- **WHAT THIS TASK INVOLVES**: Across the entries below, determine how many lines include the word "minimum". State only the resulting number.

- **GIVEN DATA**:

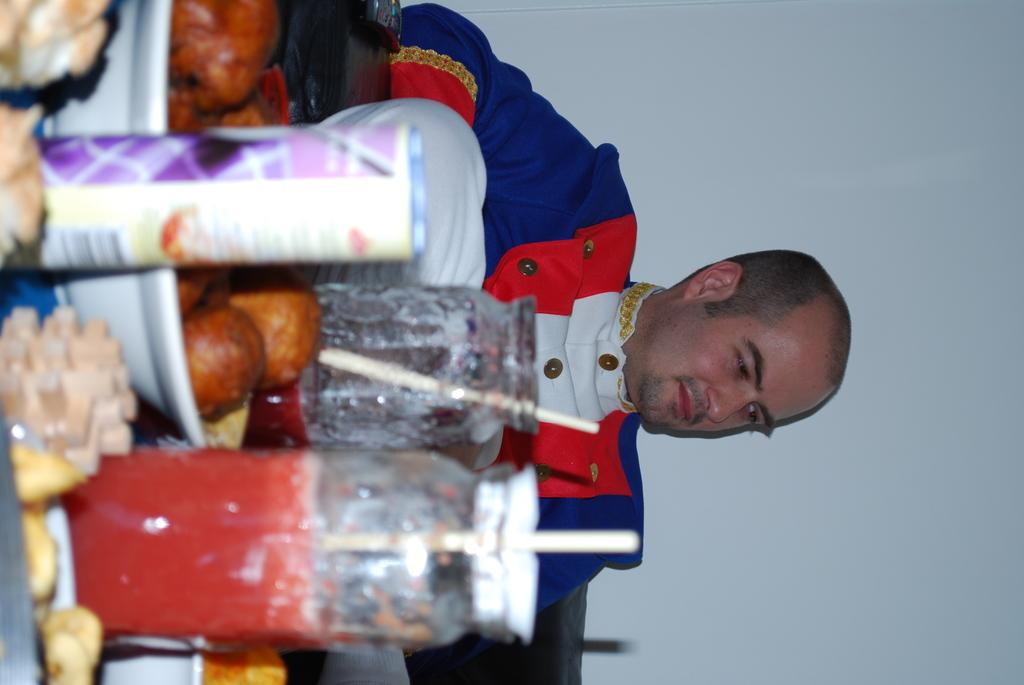What is the man in the image doing? The man is sitting in the image. What type of beverages can be seen in the image? There are bottles with juice in the image. What type of food items are present in the image? There are bowls with food items in the image. What type of insect can be seen crawling on the man's shoulder in the image? There is no insect visible on the man's shoulder in the image. 
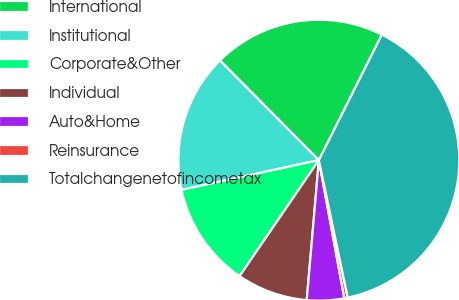<chart> <loc_0><loc_0><loc_500><loc_500><pie_chart><fcel>International<fcel>Institutional<fcel>Corporate&Other<fcel>Individual<fcel>Auto&Home<fcel>Reinsurance<fcel>Totalchangenetofincometax<nl><fcel>19.84%<fcel>15.95%<fcel>12.06%<fcel>8.17%<fcel>4.28%<fcel>0.39%<fcel>39.29%<nl></chart> 
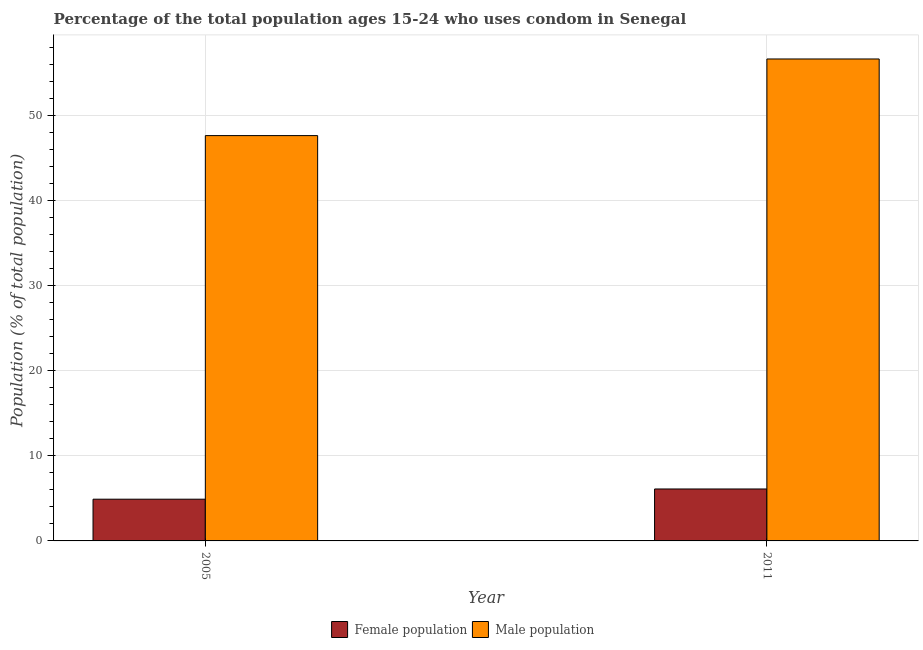Are the number of bars on each tick of the X-axis equal?
Give a very brief answer. Yes. How many bars are there on the 1st tick from the left?
Provide a succinct answer. 2. What is the label of the 1st group of bars from the left?
Your response must be concise. 2005. In how many cases, is the number of bars for a given year not equal to the number of legend labels?
Your answer should be compact. 0. What is the male population in 2011?
Offer a very short reply. 56.6. Across all years, what is the maximum male population?
Offer a very short reply. 56.6. Across all years, what is the minimum male population?
Your answer should be very brief. 47.6. In which year was the female population maximum?
Your answer should be compact. 2011. What is the average male population per year?
Ensure brevity in your answer.  52.1. In the year 2011, what is the difference between the male population and female population?
Provide a succinct answer. 0. What is the ratio of the female population in 2005 to that in 2011?
Your answer should be compact. 0.8. In how many years, is the female population greater than the average female population taken over all years?
Provide a succinct answer. 1. What does the 1st bar from the left in 2005 represents?
Provide a short and direct response. Female population. What does the 1st bar from the right in 2005 represents?
Provide a short and direct response. Male population. Are all the bars in the graph horizontal?
Provide a short and direct response. No. Are the values on the major ticks of Y-axis written in scientific E-notation?
Keep it short and to the point. No. Does the graph contain any zero values?
Offer a terse response. No. Where does the legend appear in the graph?
Provide a short and direct response. Bottom center. How are the legend labels stacked?
Make the answer very short. Horizontal. What is the title of the graph?
Provide a succinct answer. Percentage of the total population ages 15-24 who uses condom in Senegal. Does "Number of arrivals" appear as one of the legend labels in the graph?
Ensure brevity in your answer.  No. What is the label or title of the X-axis?
Offer a terse response. Year. What is the label or title of the Y-axis?
Your answer should be very brief. Population (% of total population) . What is the Population (% of total population)  in Female population in 2005?
Offer a very short reply. 4.9. What is the Population (% of total population)  in Male population in 2005?
Provide a succinct answer. 47.6. What is the Population (% of total population)  in Female population in 2011?
Your answer should be very brief. 6.1. What is the Population (% of total population)  in Male population in 2011?
Offer a terse response. 56.6. Across all years, what is the maximum Population (% of total population)  of Female population?
Offer a very short reply. 6.1. Across all years, what is the maximum Population (% of total population)  of Male population?
Ensure brevity in your answer.  56.6. Across all years, what is the minimum Population (% of total population)  in Male population?
Make the answer very short. 47.6. What is the total Population (% of total population)  in Male population in the graph?
Give a very brief answer. 104.2. What is the difference between the Population (% of total population)  in Male population in 2005 and that in 2011?
Your answer should be very brief. -9. What is the difference between the Population (% of total population)  in Female population in 2005 and the Population (% of total population)  in Male population in 2011?
Ensure brevity in your answer.  -51.7. What is the average Population (% of total population)  in Male population per year?
Ensure brevity in your answer.  52.1. In the year 2005, what is the difference between the Population (% of total population)  in Female population and Population (% of total population)  in Male population?
Your answer should be very brief. -42.7. In the year 2011, what is the difference between the Population (% of total population)  in Female population and Population (% of total population)  in Male population?
Provide a short and direct response. -50.5. What is the ratio of the Population (% of total population)  in Female population in 2005 to that in 2011?
Make the answer very short. 0.8. What is the ratio of the Population (% of total population)  in Male population in 2005 to that in 2011?
Ensure brevity in your answer.  0.84. What is the difference between the highest and the second highest Population (% of total population)  of Female population?
Make the answer very short. 1.2. What is the difference between the highest and the lowest Population (% of total population)  in Female population?
Your answer should be very brief. 1.2. 
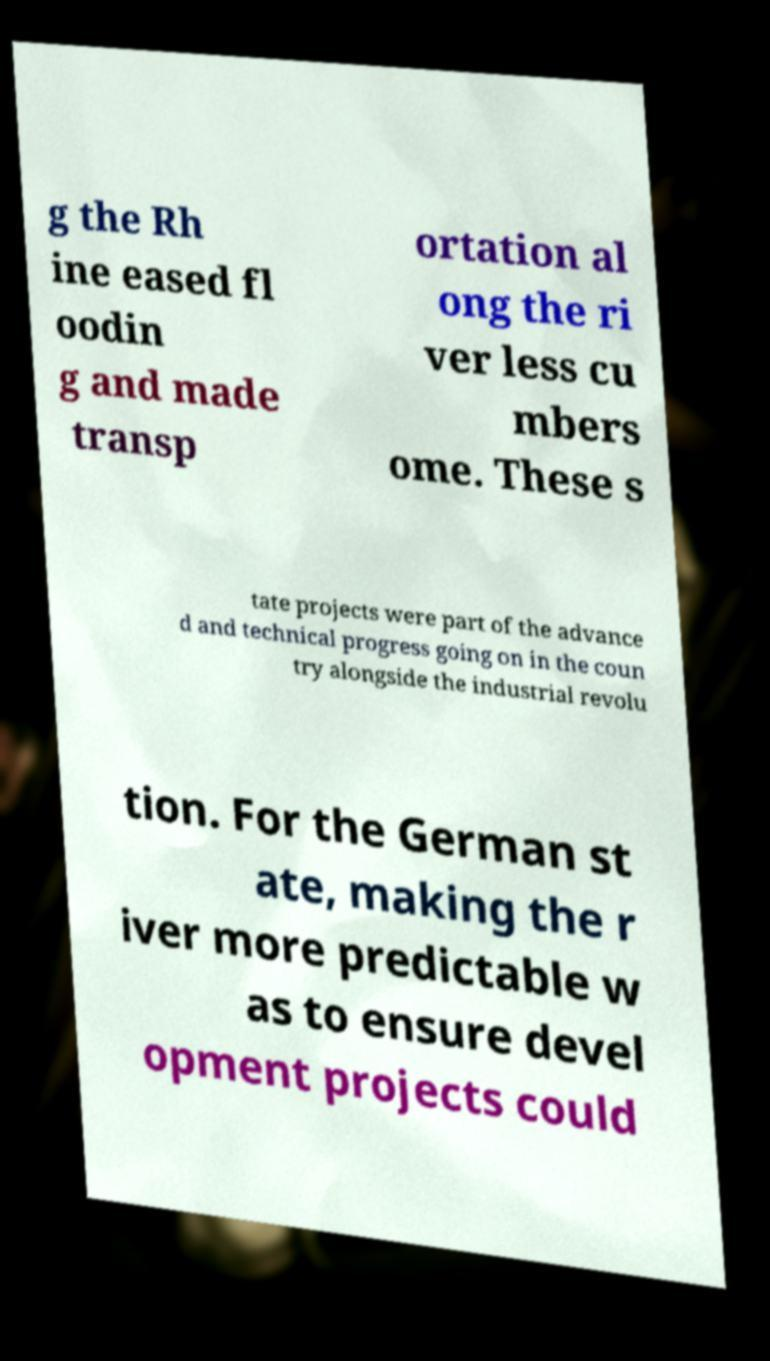Could you assist in decoding the text presented in this image and type it out clearly? g the Rh ine eased fl oodin g and made transp ortation al ong the ri ver less cu mbers ome. These s tate projects were part of the advance d and technical progress going on in the coun try alongside the industrial revolu tion. For the German st ate, making the r iver more predictable w as to ensure devel opment projects could

- **RESPONSE**: 2